Questão prévia à apreciação:
Antes ainda de se expor a fundamentação desta pretensão da ré, assinale-se que ela tem um evidente erro de lógica: o que a ré quer que se dê como provado é diferente do que ela escreve.
Veja-se: em relação às despesas gerais a ré aumenta-as, em relação ao que consta do ponto 101(iii) da sentença, em 97.731,86€, mas já em relação ao resultado global negativo aumenta-o de 172.086,78€ para 354.818,69€, o que dá uma diferença de 182.731,91€ em vez de 97.731,86€, estando por isso errado o valor de 354.818,69€ numa diferença de 84.999,98€. Ou seja, afinal, o que a ré defende é que os custos gerais têm o valor de 968,094,40€ + 85.000€ = 1.053.094,40€.
Ou seja, aquele aumento de 182.732,14€ proposto pela ré, em relação ao que a sentença dá como provado na parte final do facto 101 (que foi 870.362,54€) tem de ter correspondência noutra coisa.
Essa outra coisa decorre naturalmente da argumentação da ré:
97.731,86€ é o IVA em que a ré diz ter sido condenada a pagar à autora e 85.000€ é comissão que diz ter pago pela venda da vivenda do lote 2.  Considera, assim, estes dois valores como custos da empreitada.
Assim, a questão, em relação a 101(iii), é, da perspectiva da ré, se aos custos gerais da empreitada e manutenção, deve acrescer o IVA que a ré foi condenada a pagar à autora e os 85.000€ que diz ter pago de comissão pela venda do lote 2.
Quanto ao IVA das facturas, a ré, para sustentar esta pretensão diz o seguinte:
[…] há uma despesa fundamental para a ré que não [foi] tida em conta na valoração das despesas da empreitada, que é justamente o IVA no montante de €97.731,86 (cfr. facto prova 54 e outros) a que a ré foi obrigada a pagar fruto da sentença dos presentes autos, necessariamente o valor do IVA acresce aos custos da empreitada.
Ora, trata-se de um evidente erro da ré, pois que a decisão da matéria de facto no valor de 870.362,54€ já considera esse valor e de forma correcta tendo em conta o valor de IVA em que realmente a ré foi condenada a pagar à autora (91.483,15€) e não o valor indicado erradamente pela ré (de 97.731,86€ - porque este foi o valor que se discutia num processo tributário – vejam-se os factos 53 e 54, iguais nas duas sentenças - e não o valor que a ré foi condenada a pagar nesta acção).

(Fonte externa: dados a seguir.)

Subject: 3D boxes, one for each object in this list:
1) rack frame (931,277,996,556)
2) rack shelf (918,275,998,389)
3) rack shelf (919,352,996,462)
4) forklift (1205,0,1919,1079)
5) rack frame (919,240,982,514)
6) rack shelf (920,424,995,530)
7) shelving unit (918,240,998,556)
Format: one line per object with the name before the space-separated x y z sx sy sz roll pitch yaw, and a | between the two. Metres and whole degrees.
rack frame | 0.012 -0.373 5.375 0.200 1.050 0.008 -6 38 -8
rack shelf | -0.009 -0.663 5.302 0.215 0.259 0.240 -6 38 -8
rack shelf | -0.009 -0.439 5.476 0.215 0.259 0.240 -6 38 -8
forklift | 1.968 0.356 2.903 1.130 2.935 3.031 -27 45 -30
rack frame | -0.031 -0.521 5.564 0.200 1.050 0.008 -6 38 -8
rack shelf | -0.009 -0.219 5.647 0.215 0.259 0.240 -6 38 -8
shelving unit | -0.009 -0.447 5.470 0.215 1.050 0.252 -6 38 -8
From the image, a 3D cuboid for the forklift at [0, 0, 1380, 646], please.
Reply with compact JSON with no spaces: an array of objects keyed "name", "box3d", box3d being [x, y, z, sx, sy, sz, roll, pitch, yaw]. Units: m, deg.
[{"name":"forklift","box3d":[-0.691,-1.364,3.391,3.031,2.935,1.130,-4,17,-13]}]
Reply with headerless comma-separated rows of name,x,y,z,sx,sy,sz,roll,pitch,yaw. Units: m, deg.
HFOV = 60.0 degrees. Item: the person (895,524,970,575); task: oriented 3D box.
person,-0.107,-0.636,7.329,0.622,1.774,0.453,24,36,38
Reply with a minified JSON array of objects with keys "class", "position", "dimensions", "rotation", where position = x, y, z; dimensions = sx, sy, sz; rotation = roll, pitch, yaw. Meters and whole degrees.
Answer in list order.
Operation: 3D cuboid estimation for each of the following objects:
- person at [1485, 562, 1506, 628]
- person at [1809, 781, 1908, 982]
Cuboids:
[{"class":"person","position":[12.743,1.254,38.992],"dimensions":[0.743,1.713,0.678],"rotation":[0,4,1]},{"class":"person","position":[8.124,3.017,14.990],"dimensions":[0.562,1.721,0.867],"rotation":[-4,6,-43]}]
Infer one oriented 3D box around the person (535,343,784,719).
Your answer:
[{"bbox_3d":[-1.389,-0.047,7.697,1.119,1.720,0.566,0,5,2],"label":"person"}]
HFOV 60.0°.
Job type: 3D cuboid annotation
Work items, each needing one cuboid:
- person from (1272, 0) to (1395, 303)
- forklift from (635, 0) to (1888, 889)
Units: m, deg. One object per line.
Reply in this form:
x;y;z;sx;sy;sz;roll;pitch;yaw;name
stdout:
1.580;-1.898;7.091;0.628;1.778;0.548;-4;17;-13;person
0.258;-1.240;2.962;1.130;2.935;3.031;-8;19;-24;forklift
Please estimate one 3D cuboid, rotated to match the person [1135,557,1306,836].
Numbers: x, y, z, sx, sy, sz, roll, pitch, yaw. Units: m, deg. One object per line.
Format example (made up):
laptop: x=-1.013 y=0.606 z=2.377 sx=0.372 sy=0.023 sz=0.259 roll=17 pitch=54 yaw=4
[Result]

Por isso, diga-se desde, já, NM nem sequer se pronuncia sobre esta pretensão da ré e a fundamentação da decisão da matéria de facto nada disse porque nada tinha a dizer, já que o perito, correctamente, já tinha considerado o valor de IVA em que a ré foi condenada como custo da obra.
Assim esta subquestão fica desde já afastada. Ou seja, considera-se desde já manifestamente improcedente a impugnação quanto a este valor.
*
Quanto à comissão dos 85.000€ a ré diz o seguinte:
A ré, quanto à venda [do] lote 2 pagou 85.000€ de comissão à XL, conforme factura FA 2015/13 relativa a “serviços de mediação referente à venda do prédio urbano, destinado a habitação – inscrito na matriz predial com o artigo n.º 00000 – sito na Rua P”, junta pelo requerimento com a REF.ª: 324932250, datado de 30/05/2019, sob o doc. n.º 243, a qual por facilidade leitura se vota a juntar.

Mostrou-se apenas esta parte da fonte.